If any receiver raises an error, the error propagates back through send,
terminating the dispatch loop, so it is quite possible to not have all
receivers called if a raises an error.
Arguments:
sender
The sender of the signal Either a specific object or None.
named
Named arguments which will be passed to receivers.
Returns a list of tuple pairs [(receiver, response), ... ].
"""
responses = []
if not self.receivers:
return responses
for receiver in self._live_receivers(_make_id(sender)):
response = receiver(signal=self, sender=sender, **named)
responses.append((receiver, response))
return responses
Basically what I'm looking for is for someone to explain an efficient way to save user session data in Python that does not depend on the Django framework. A little run-through of the Django authentication would be nice as well.
HTTP is stateless; regardless of the server used, the framework or language, there is no intrinsic way for an HTTP client to say "this request is part of that session". That's part of the design of HTTP.

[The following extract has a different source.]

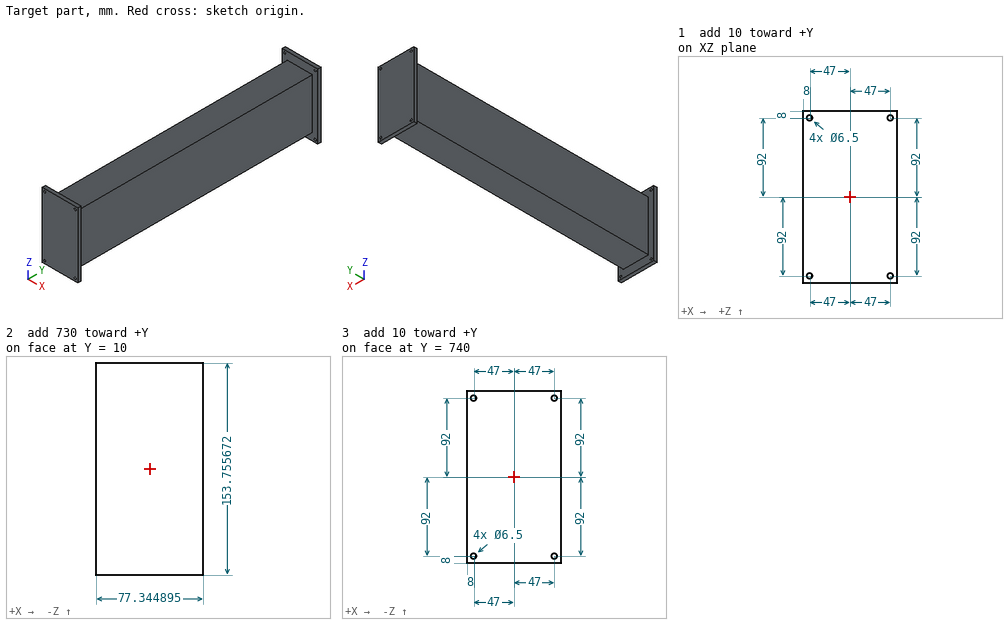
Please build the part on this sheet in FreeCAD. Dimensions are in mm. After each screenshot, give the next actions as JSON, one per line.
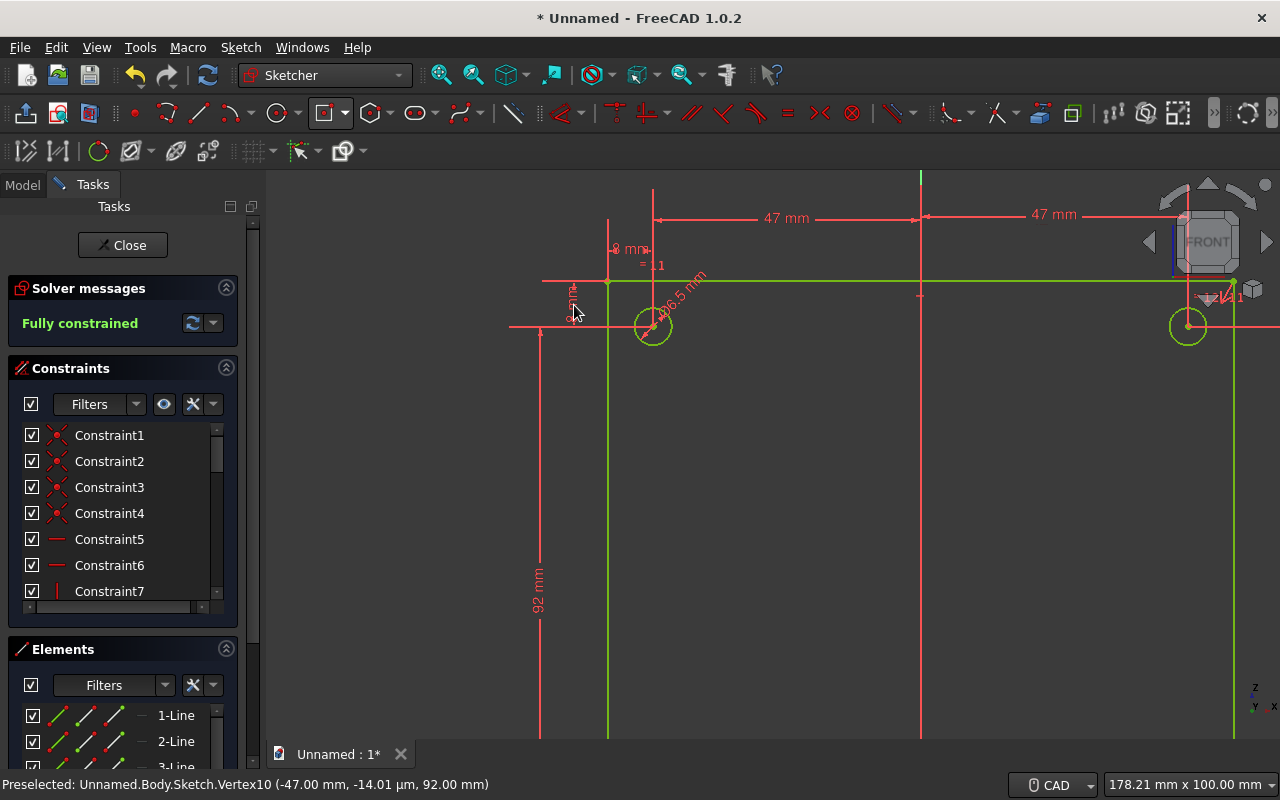
{"action": "left_click", "coordinate": [123, 245]}
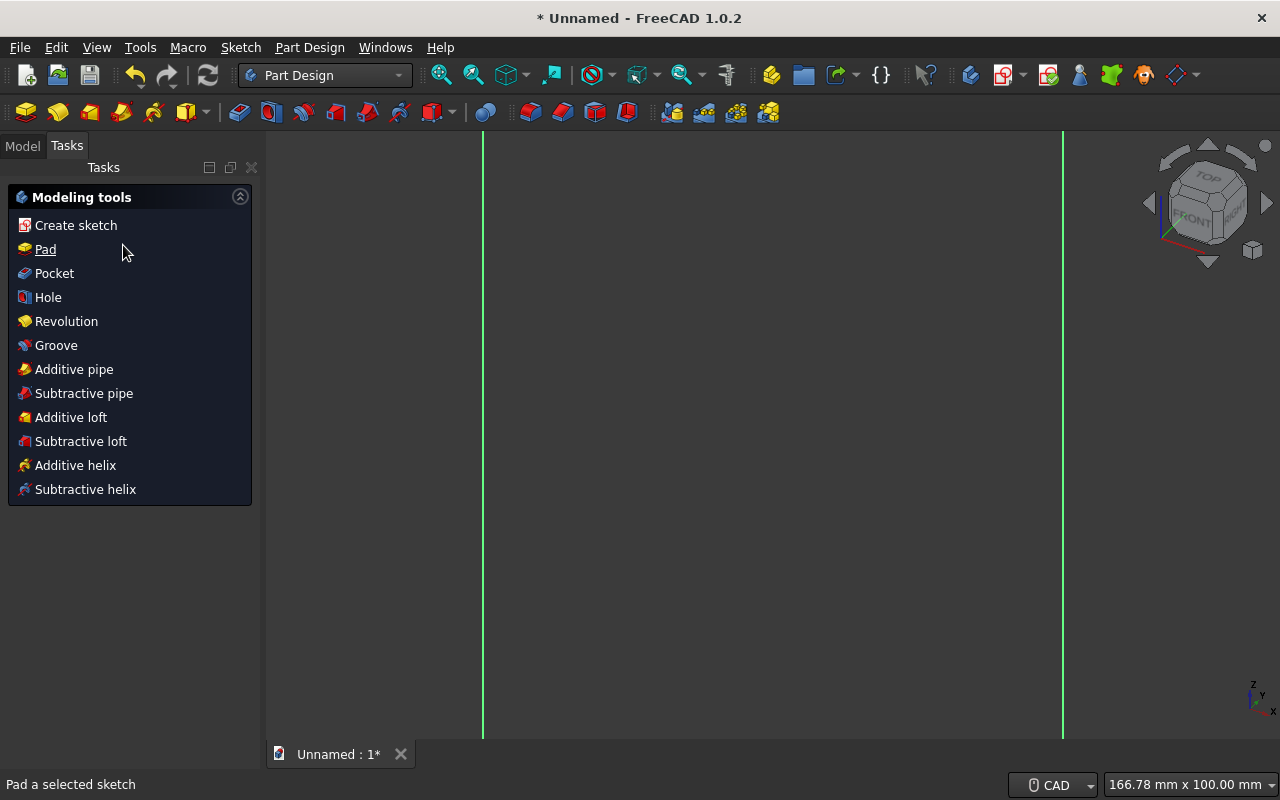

So sessions are always a feature of the web application; either supported by the a web app framework or implemented in the app itself. The most usual way for a stateful session to be created from the stateless protocol is with cookies; Clients will store cookies at the request of a server and return those same cookies to that server in future requests.
Session data can be serialized and stored in the cookie itself, but that's both insecure (secret information could be forged or eavesdropped), and inefficient (takes bandwidth even though the individual bytes are of no use to the client), and so the preferred solution is to use an opaque (and even better, single use) session key is stored in a cookie, and the web application will store session data out of band; either in memory, in the filesystem, or a database backend, or some other option.
django takes care of most of this transparently in "middleware", modules that modify incoming requests and outgoing responses. The auth middleware will read a cookie and check if that represents a logged in user, and if so, add a user object to the request; it also attaches cookies to responses when a user gets logged in. the session middlware works in a similar fashion, checking for a cookie, and reading the session data from wherever it was stored between requests, and also grabbing session data from responses and storing them, along with setting a cookie to associate the client's session with the session data it just stored.
Since both of these features are useful, independent of each other (I tend to avoid sessions, but usually use some kind of authentication), they do not depend on each other. Session-like authentication is implemented in a similar manner as sessions, but authenticated users are not stored in "The Session", nor are sessions attached to "The authenticated User".
You might not think so, but django's authentication system is designed to be extended; if you already have a database of valid users you'd like to authenticate against, it's very simple to add a new auth backend that dovetails neatly into the standard django auth application (which means you can also use other applications that depend on it in turn).